Pese a estos esfuerzos y crecimiento, los países menos desarrollados aún contarán con 800 millones de personas offline en 2020, lo que significa que menos del 20% de la población total de esas naciones no utilizarán Internet. La organización destaca que muchas personas no tienen habilidades para conectarse, y destaca la necesidad de que los gobiernos aumenten la conexión por medio de planes de TICs estratégicos en el sector y en políticas educacionales.

Por otra parte, la Comisión de Banda Ancha de la UIT estableció nuevas metas para la inclusión digital, estas alcanzan los 3.800 millones de personas, es decir la mitad de la población mundial. Es importante destacar que hace un año la UIT había concluido que las metas de conectividad no iban a poder ser alcanzadas para 2020, por ese motivo modificó la fecha límite a 2025.

La idea es promover la expansión de la infraestructura y del acceso a banda ancha para la población actualmente desconectada. En apoyo a las Metas de Desarrollo Sustentable establecidas por las Naciones Unidas para 2015. Para eso la UIT espera alcanzar antes de 2025 entre otras metas que todos los países tengan una estrategia nacional para la incorporación de banda ancha, o la inclusión de conectividad en su definición de acceso y servicios universales.

Otra de las metas establecidas destaca que todos los servicios de banda ancha deben ser económicamente accesibles en los países en desarrollo. Para ello destaca que es necesario que los servicios de conectividad equivalgan a menos del 2% de la renta mensual per capita.  También se fija como meta que la penetración de banda ancha debe alcanzar el 75% del planeta, siendo el 65% en los países en desarrollo y el 35% en los menos desarrollados.

Además, el informe de la UIT establece como meta que el 60% de los jóvenes y adultos deben tener el mínimo de conocimientos para llevar adelante habilidades digitales sustentables. En otras palabras, es necesario que se eduque a la población para que pueda aprovechar la conectividad y sus beneficios, la alfabetización digital es una de las metas propuestas por el estudio.

En línea con este último punto, la UIT destaca como meta que el 40% de la población mundial use servicios financieros digitales. Es importante destacar que este tipo de servicios están entre los más evolucionados del mundo digital, además forman parte de una importante herramienta contra el lavado de dinero y la evasión fiscal.

Por último, el organismo remarca que es necesario que la igualdad de género deberá ser atendida en todas las metas. La equidad de género es uno de los trabajos más arduos de la UIT y los distintos países que la componen, debido a que aún existen grandes diferencias en el acceso entre hombres y mujeres en el mundo.
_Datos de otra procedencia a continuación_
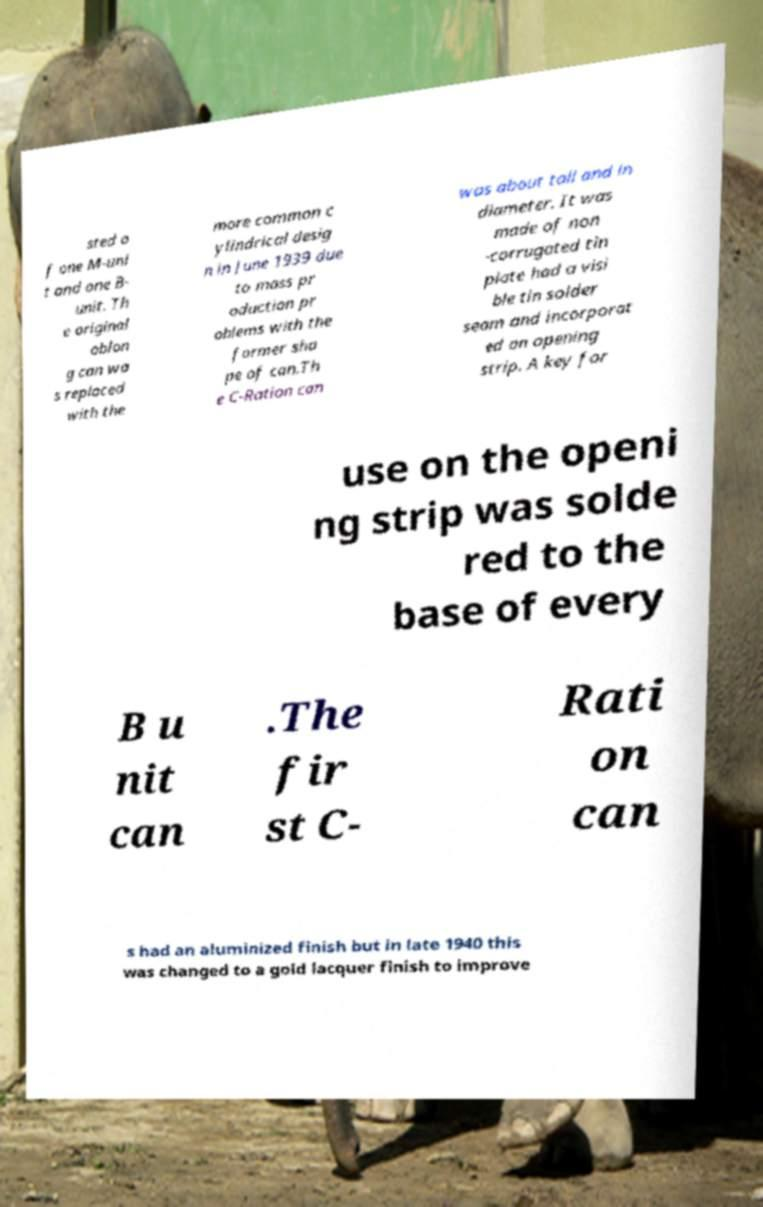Can you accurately transcribe the text from the provided image for me? sted o f one M-uni t and one B- unit. Th e original oblon g can wa s replaced with the more common c ylindrical desig n in June 1939 due to mass pr oduction pr oblems with the former sha pe of can.Th e C-Ration can was about tall and in diameter. It was made of non -corrugated tin plate had a visi ble tin solder seam and incorporat ed an opening strip. A key for use on the openi ng strip was solde red to the base of every B u nit can .The fir st C- Rati on can s had an aluminized finish but in late 1940 this was changed to a gold lacquer finish to improve 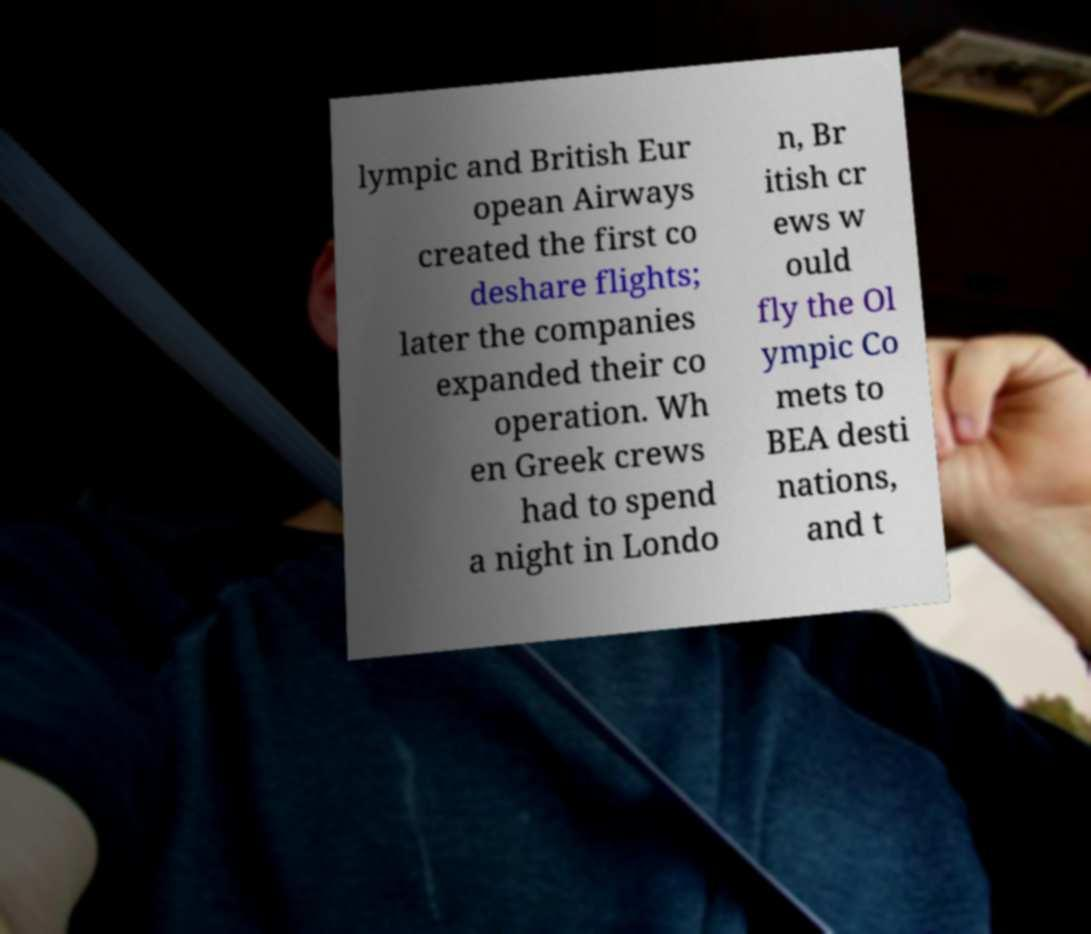Please identify and transcribe the text found in this image. lympic and British Eur opean Airways created the first co deshare flights; later the companies expanded their co operation. Wh en Greek crews had to spend a night in Londo n, Br itish cr ews w ould fly the Ol ympic Co mets to BEA desti nations, and t 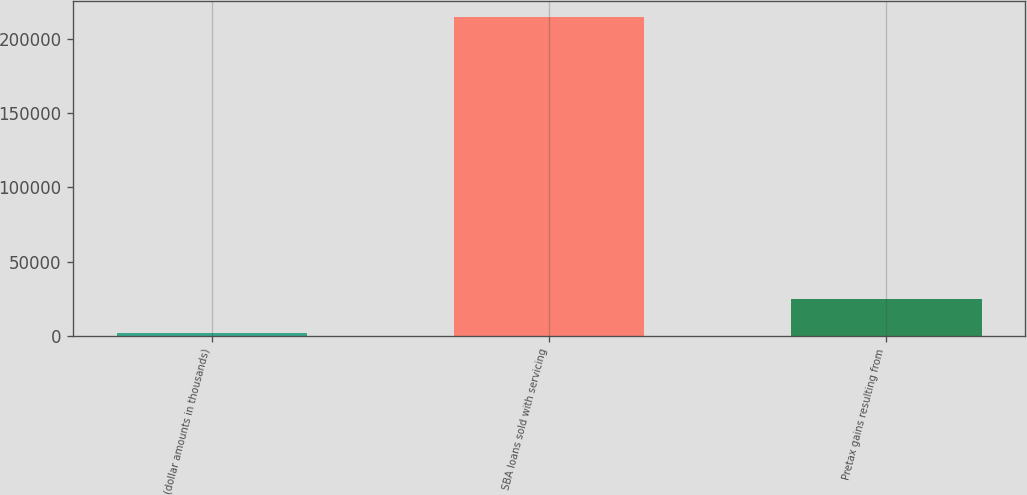Convert chart. <chart><loc_0><loc_0><loc_500><loc_500><bar_chart><fcel>(dollar amounts in thousands)<fcel>SBA loans sold with servicing<fcel>Pretax gains resulting from<nl><fcel>2014<fcel>214760<fcel>24579<nl></chart> 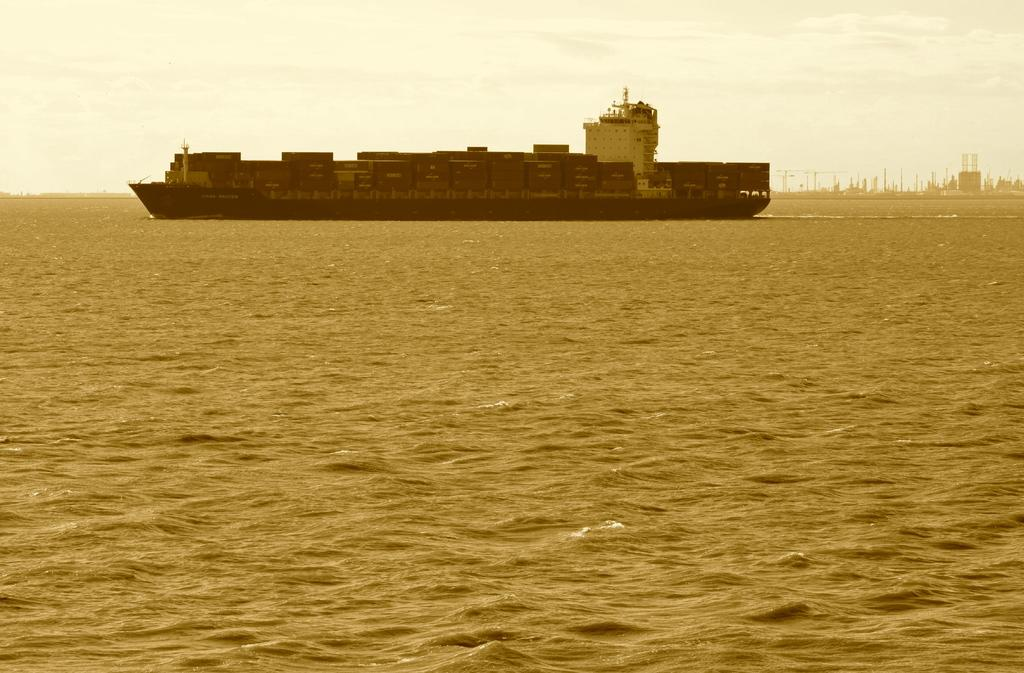What is the main subject of the image? There is a ship on the water in the image. What can be seen in the background of the image? There are buildings in the background of the image. What is visible in the sky in the image? There are clouds in the sky in the image. What time does the clock show in the image? There is no clock present in the image. Can you describe the girl standing next to the ship in the image? There is no girl present in the image; it only features a ship on the water, buildings in the background, and clouds in the sky.

Pese a enumerar estos objetivos, el organismo por el momento no actualizó los datos referentes  a las inversiones necesarias para promover conectividad al mitad del planeta. En 2016 la UIT la había estimado en US$ 450.000 millones y se mantiene a lo largo de los años.

El estudio desplegado por la UIT muestra los esfuerzos que se realizan a nivel global para reducir la brecha digital. Es importante destacar que es necesario un aporte de los diferentes países en lo que respecta a incentivar a la industria en el desarrollo de los servicios de banda ancha, ya sea facilitando el acceso al espectro, flexibilizando las trabas burocráticas en el tendido de infraestructura o reduciendo las cargas impositivas sobre los componentes de redes de telecomunicaciones y los dispositivos de acceso.